In the embodiment, the blank-filling type stem is optimized in a natural language mode by using a Transform model, and statement expression is generated into question sentence forms conforming to natural language rules through the trained Transform model, for example, the author of 'Equipped with mind' input is ___. ", output:" what poetry is the author of "quiet night thought".

Further, in order to ensure the accuracy of the stem generation, the performing natural language processing on the gap-filling stem by using the Transform model to obtain the stem of the question may specifically include:

step 321, performing natural language processing on the gap-filling type stem by using a Transform model to obtain an optimized stem;

Step 322, analyzing the optimized stem by using a stem evaluation model based on LSTM to obtain a stem parameter value;

step 323, taking the optimized stem as the stem of the question if the parameter value of the stem is larger than a preset stem threshold;

step 324, otherwise, taking the gap-filling type stem as the stem of the question.

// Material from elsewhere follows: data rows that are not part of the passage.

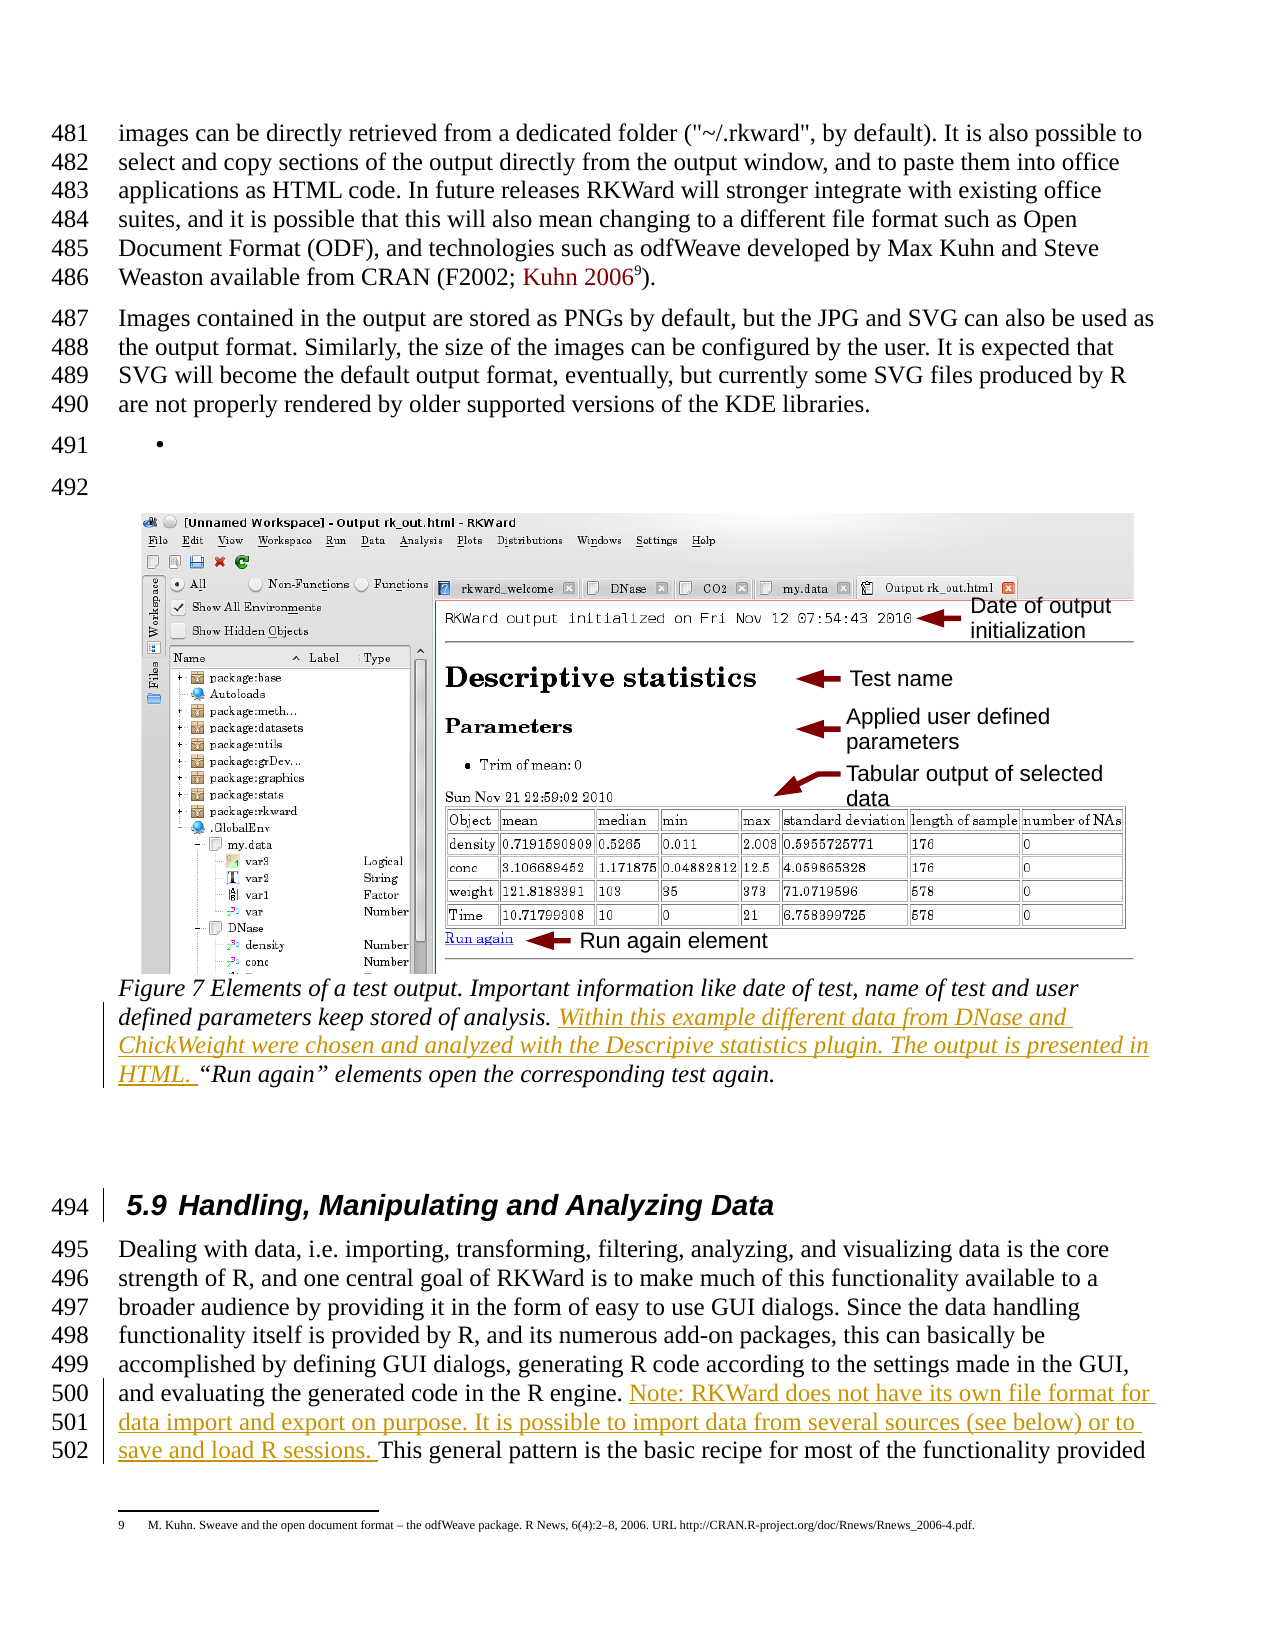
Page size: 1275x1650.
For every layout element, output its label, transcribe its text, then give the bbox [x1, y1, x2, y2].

text Images contained in the output are stored as PNGs by default, but the JPG and SVG can also be used as the output format. Similarly, the size of the images can be configured by the user. It is expected that SVG will become the default output format, eventually, but currently some SVG files produced by R are not properly rendered by older supported versions of the KDE libraries. [118, 303, 1157, 418]
text Dealing with data, i.e. importing, transforming, filtering, analyzing, and visualizing data is the core strength of R, and one central goal of RKWard is to make much of this functionality available to a broader audience by providing it in the form of easy to use GUI dialogs. Since the data handling functionality itself is provided by R, and its numerous add-on packages, this can basically be accomplished by defining GUI dialogs, generating R code according to the settings made in the GUI, and evaluating the generated code in the R engine. Note: RKWard does not have its own file format for data import and export on purpose. It is possible to import data from several sources (see below) or to save and load R sessions. This general pattern is the basic recipe for most of the functionality provided [118, 1234, 1157, 1464]
text images can be directly retrieved from a dedicated folder ("~/.rkward", by default). It is also possible to select and copy sections of the output directly from the output window, and to paste them into office applications as HTML code. In future releases RKWard will stronger integrate with existing office suites, and it is possible that this will also mean changing to a different file format such as Open Document Format (ODF), and technologies such as odfWeave developed by Max Kuhn and Steve Weaston available from CRAN (F2002; Kuhn 2006). [118, 118, 1157, 291]
text Figure 7 Elements of a test output. Important information like date of test, name of test and user defined parameters keep stored of analysis. Within this example different data from DNase and ChickWeight were chosen and analyzed with the Descripive statistics plugin. The output is presented in HTML. “Run again” elements open the corresponding test again. [118, 526, 1157, 1088]
text M. Kuhn. Sweave and the open document format – the odfWeave package. R News, 6(4):2–8, 2006. URL http://CRAN.R-project.org/doc/Rnews/Rnews_2006-4.pdf. [118, 1517, 1157, 1532]
subtitle Handling, Manipulating and Analyzing Data [118, 1188, 1157, 1222]

The embodiment further detects the optimization result of the Transform model. Since the result generated by the Transform model is not completely accurate, an evaluation model is added after the result generated by the Transform model for scoring the optimized result, the model is obtained by LSTM training, a value between 0,1 can be generated by inputting the generated stem and the answer, the value is closer to 1, the better the generated effect is, and therefore, whether the optimized stem is reserved or not is determined by setting a threshold value. The optimization of the stem may refer to the left half of the graph, and fig. 4 is a flowchart illustrating a method for optimizing the stem according to an embodiment of the present invention.

S104, obtaining interference items of the topics from the word stock according to the target entity tags, and taking the interference items and the target entity as options of the topics.

The embodiment is not limited to a specific method for acquiring the stem interference item. For example, a clustering algorithm may be used, or other algorithms for computing similarity may be selected. The method for generating the options is shown in the right half of fig. 3, and fig. 3 is a flowchart illustrating an embodiment of a method for generating a question according to the present invention.

Further, in order to generate diversity and rationality of the interference term, after the interference term of the stem is obtained from the word stock according to the target entity tag, the method may further include the following steps:

Carrying out diversified processing on interference items of the stems by using a GAN model to obtain a plurality of options;

Correspondingly, taking the interference item and the target entity as the item of the title;

the plurality of options and the target entity are taken as the options of the title.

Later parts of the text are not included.